I let out an involuntary groan of disappointment as soon as the curtain went up on Nicholas Hytner's production of Henry V. The opening scene is set in what's clearly supposed to be the Cabinet Room of 10 Downing Street and, sure enough, Adrian Lester comes strutting on in a grey, double-breasted suit, the very image of Tony Blair. "Oh no," I thought. "This is going to be one of those 'iconoclastic' versions of Henry V in which Shakespeare's patriotism is turned on its head. Instead of a celebration of England's greatest military victory we're going to be subjected to an attack on Blair's role in the war in Iraq."
I did my best not to rise to the bait. So what if Hytner's taken one of the sacred texts of British patriotism and turned it into a piece of left-wing agitprop? There's nothing new in that, I told myself. Michael Bogdanov staged a similar production of Henry V in the 80s in which he attacked Margaret Thatcher's Falklands campaign. In any case, Hytner's just posing as an anti-war protestor in order to provoke outrage, not because he actually believes in any of this crap. He's a professional controversialist, not a committed lefty, and if I work myself up into a state I'll just be playing his game. I held my breath and counted to ten.
But it was no good. By the end of the evening I'd been reduced to a spluttering, eye-popping rage. How dare he stage such an unpatriotic production of Henry V in the Royal National Theatre, I wanted to know? You wouldn't catch the French doing anything like that. And why attack Tony Blair when Saddam Hussein was so much worse? Why not a production of Macbeth set in Baghdad with Saddam as the Scottish tyrant? Heaven forbid that one of Britain's enemies should be attacked in our National Theatre rather than one of our leaders. To top it all, it was being staged in the Olivier.
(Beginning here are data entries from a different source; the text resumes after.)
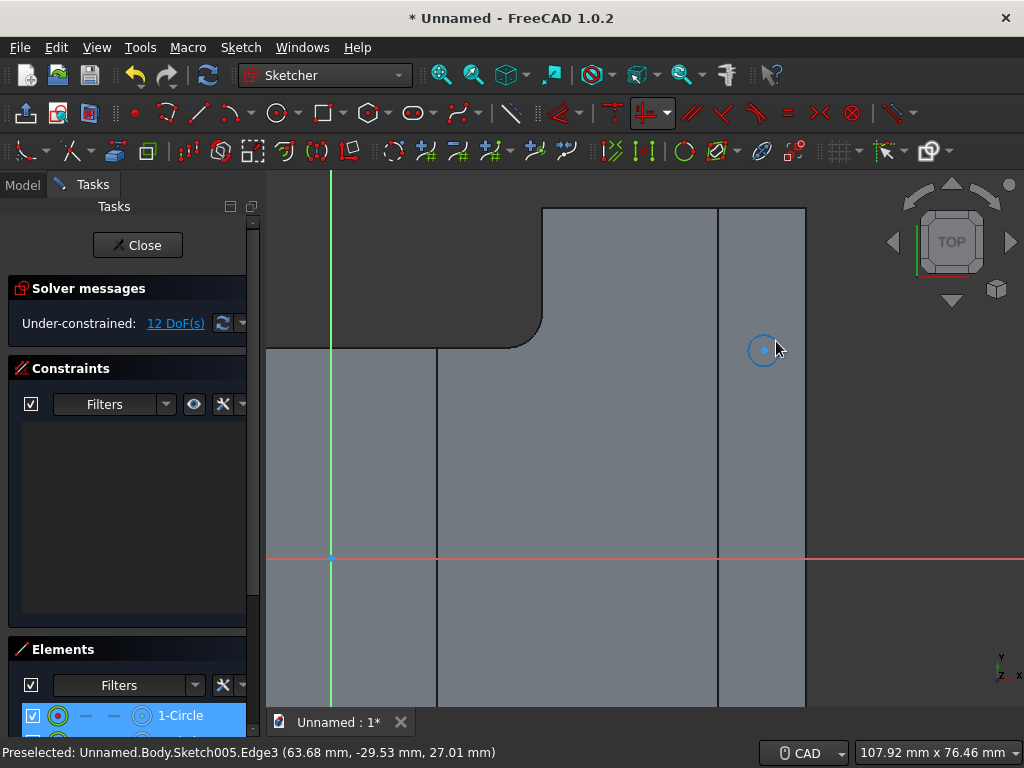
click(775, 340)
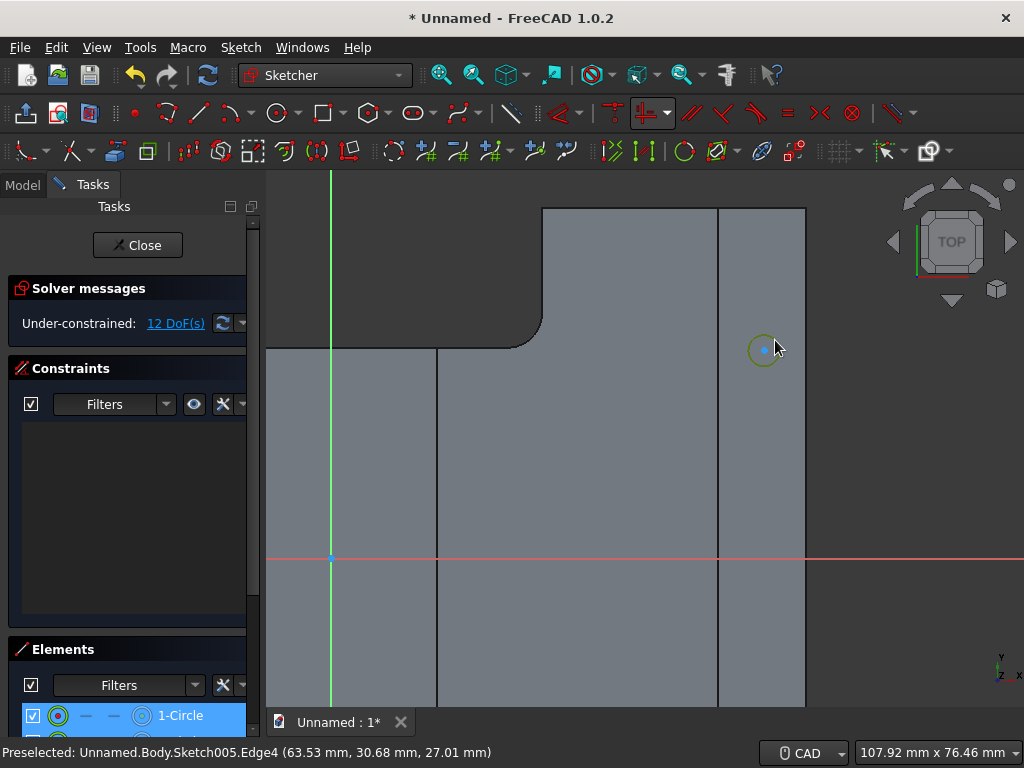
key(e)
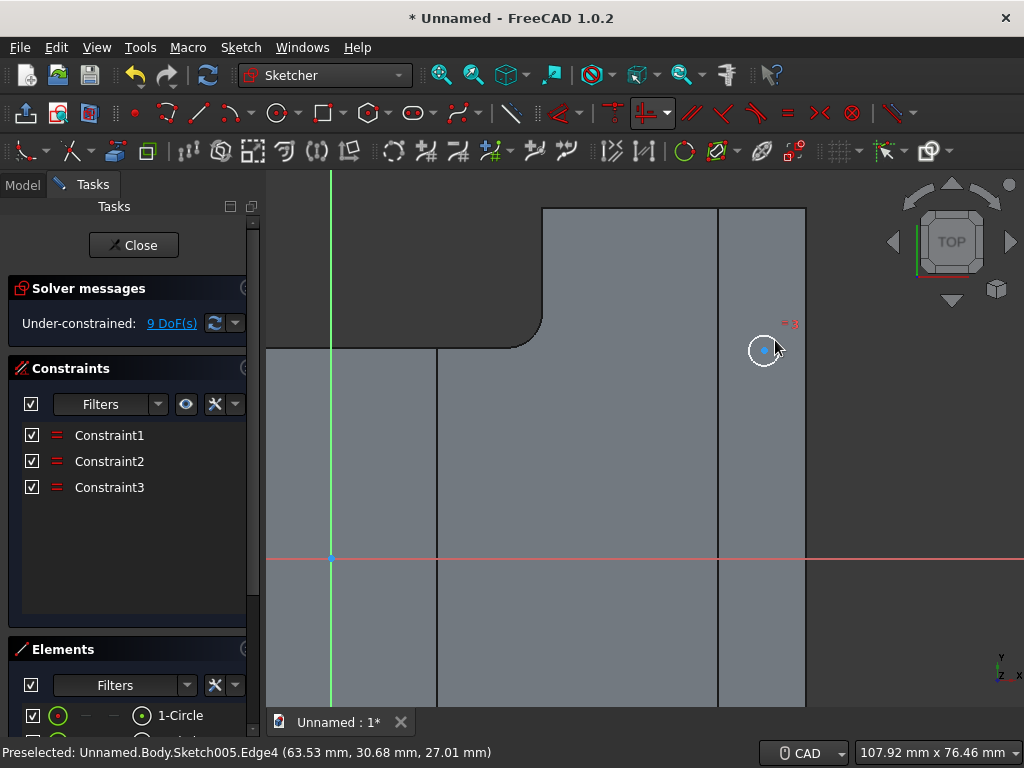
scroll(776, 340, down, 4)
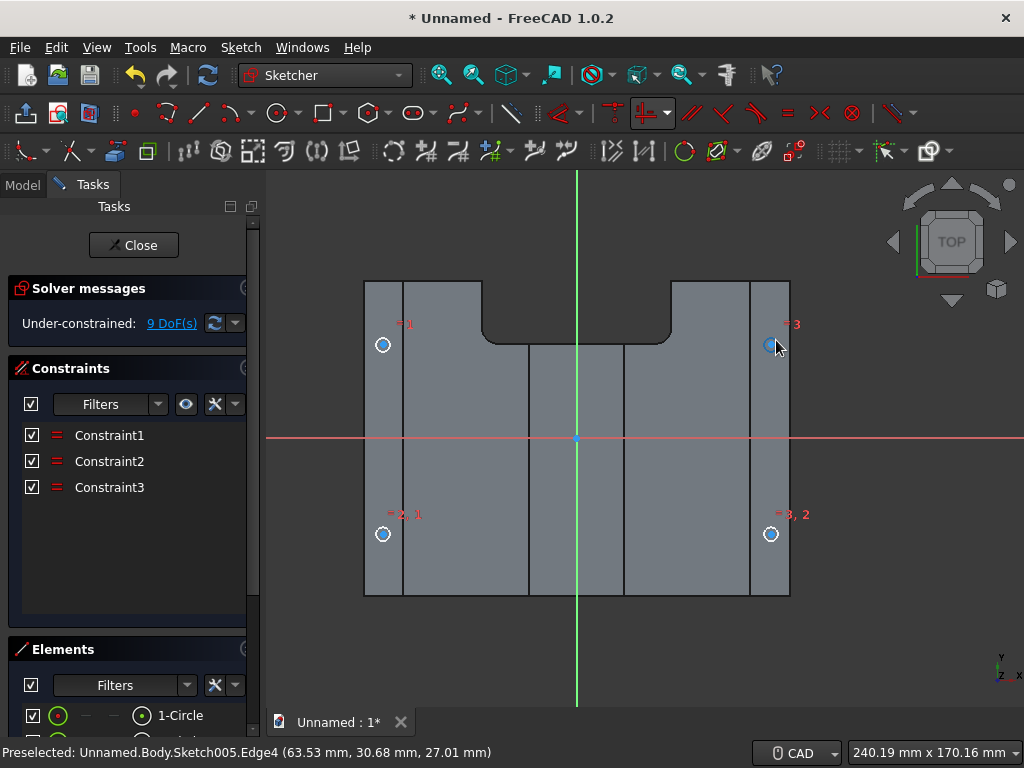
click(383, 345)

What would Laurence Olivier make of this production when his own film version was so heart-stoppingly patriotic? Spinning in his doublet, no doubt.
Even now, almost a week later, I find it difficult to write about the play without getting hot under the collar. The thing that irritates me the most isn't that Hytner decided to do something so attention-seeking, but that he imagines there's anything even vaguely newsworthy about this interpretation. In the 59 years since Olivier's film, the number of unpatriotic productions of Henry V must outweigh the patriotic ones by a ratio of ten to one. There's nothing remotely brave about yet another. Hytner isn't taking a stand against the conventional view of the play; he's expressing it. If he wanted to do something genuinely courageous, he would have staged a production of Henry V that celebrated Blair's part in overthrowing Saddam Hussein rather than condemned it. Now that would have been controversial.
It's too early to say, but it looks depressingly like Nicholas Hytner isn't going to be a patch on his predecessor as the National's artistic director. As if to confirm this, Trevor Nunn has just unveiled a superb production of The Lady From the Sea at the newly-refurbished Almeida. Starring Natasha Richardson in the title role, it's a beautifully staged version of a very well-constructed play. Nunn manages to tread a fine line between Ibsen's rather heavy-handed symbolism and his deft social comedy and is ably assisted in that regard by Tim McInnerny and Louisa Clein, two gifted comic actors. This is second only to Three Sisters as the best evening at the theatre currently available in London.
My one reservation is Natasha Richardson. She gives one of those all-out, no-holds-barred performances that some theatregoers absolutely adore, but I find a little difficult to watch. She doesn't overact, exactly, but she acts a bit too intensely, a bit too unselfconsciously. At times, it felt like too much--I never lost sight of a great actress giving a great performance, when what I wanted was for her to simply become the character. To be fair, though, by the end of the play I was completely absorbed in the drama and that was in no small part due to her.
At least Natasha Richardson takes a huge risk--she really puts herself out there-- which is more than can be said about Matthew Perry and Minnie Driver in Sexual Perversity in Chicago. The most striking thing about this production of what must be David Mamet's most feeble play is just how well-protected the two stars are. First of all, they're cast in the two secondary roles, the leads being played by Hank Azaria and Kelly Reilly. Secondly, for roughly 50% of the time they're protected from the audience by a sliding metal shield. The play consists of a series of very short scenes--it lasts about an hour and twenty minutes--and the shield snaps shut between each one. It's as if the two heartthrobs are so terrified of being mobbed by their fans, they can't risk exposing themselves to the audience for more than 30 seconds at a time. With so little to do, and with so little time to do it in, it's a wonder they didn't just stay in Hollywood.